- AIM OF THE TASK
Print exactly those lines that run from the beginning of the data to the line bearing "- bowl (892,996,1307,1280)", inclusive.
MATERIAL FOR THE TASK Start Marker
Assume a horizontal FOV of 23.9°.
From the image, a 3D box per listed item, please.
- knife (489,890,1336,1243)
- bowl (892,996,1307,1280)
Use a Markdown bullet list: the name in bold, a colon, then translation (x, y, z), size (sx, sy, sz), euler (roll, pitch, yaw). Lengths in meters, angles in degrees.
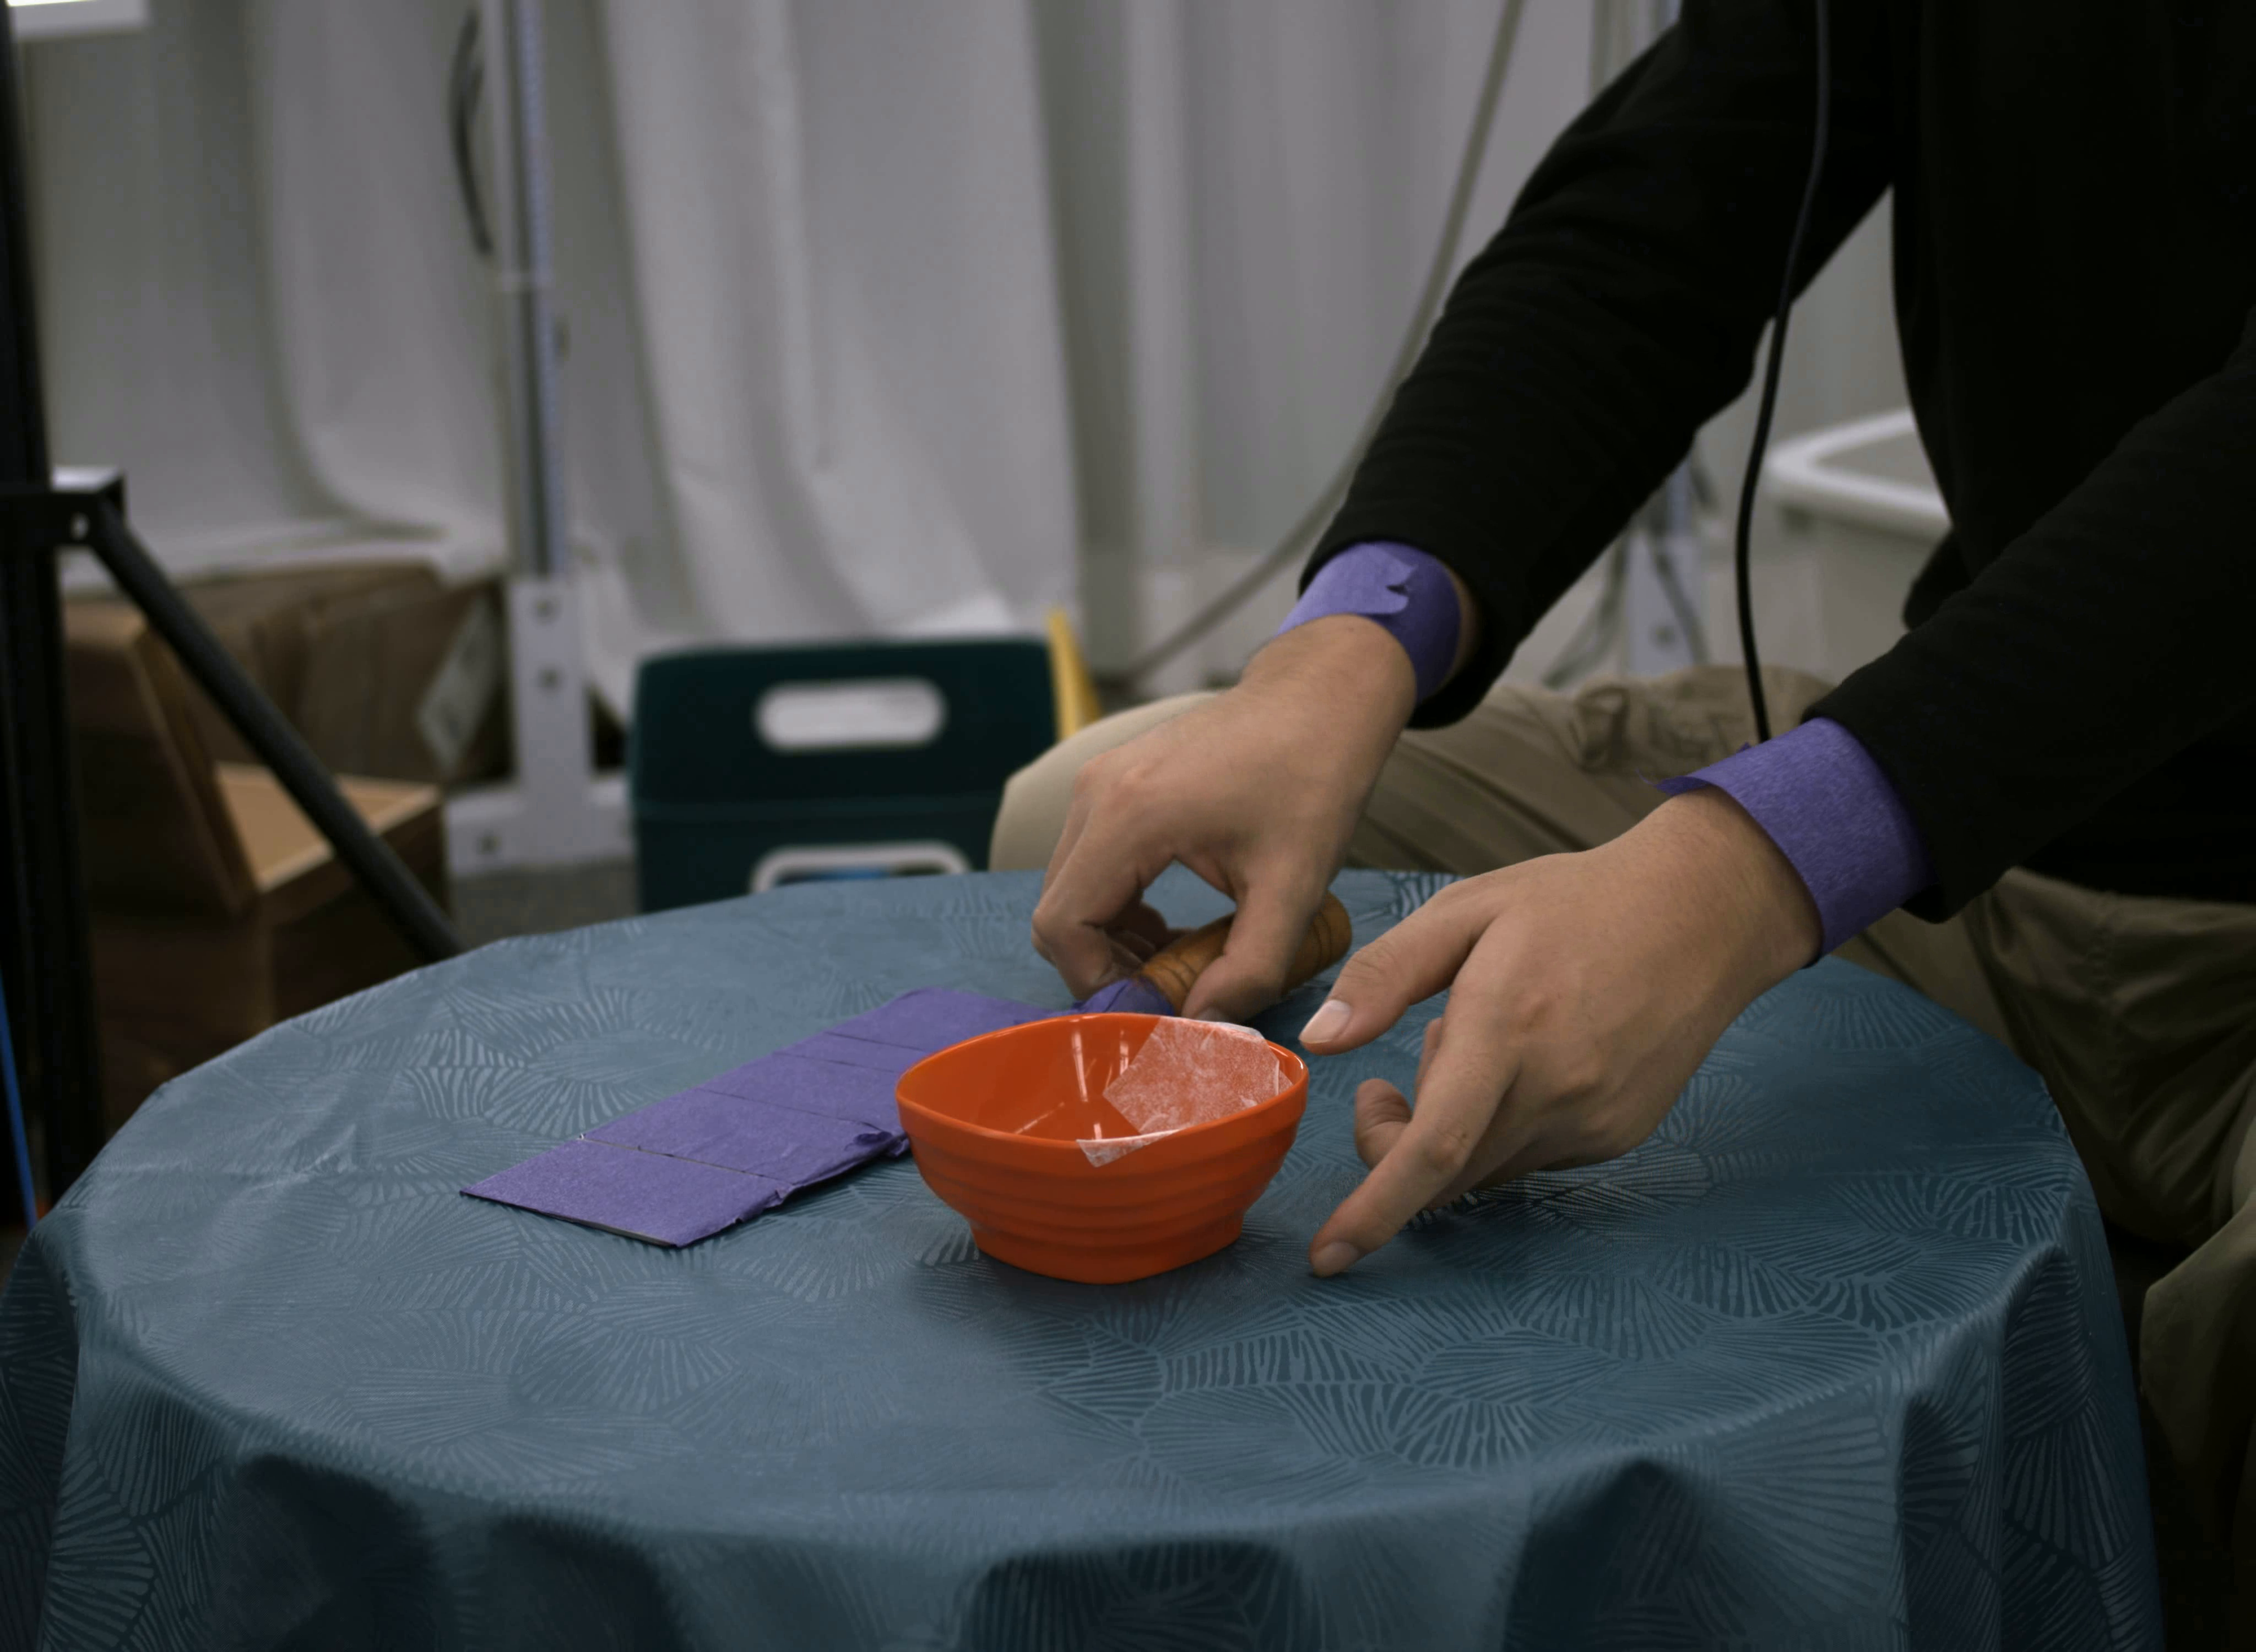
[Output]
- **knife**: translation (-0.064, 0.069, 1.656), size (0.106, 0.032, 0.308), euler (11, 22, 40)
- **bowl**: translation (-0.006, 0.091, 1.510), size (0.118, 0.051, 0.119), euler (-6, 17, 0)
MATERIAL FOR THE TASK End Marker
- RESPONSE BOX
Assume a horizontal FOV of 23.9°.
From the image, a 3D box per listed item, please.
- knife (489,890,1336,1243)
- bowl (892,996,1307,1280)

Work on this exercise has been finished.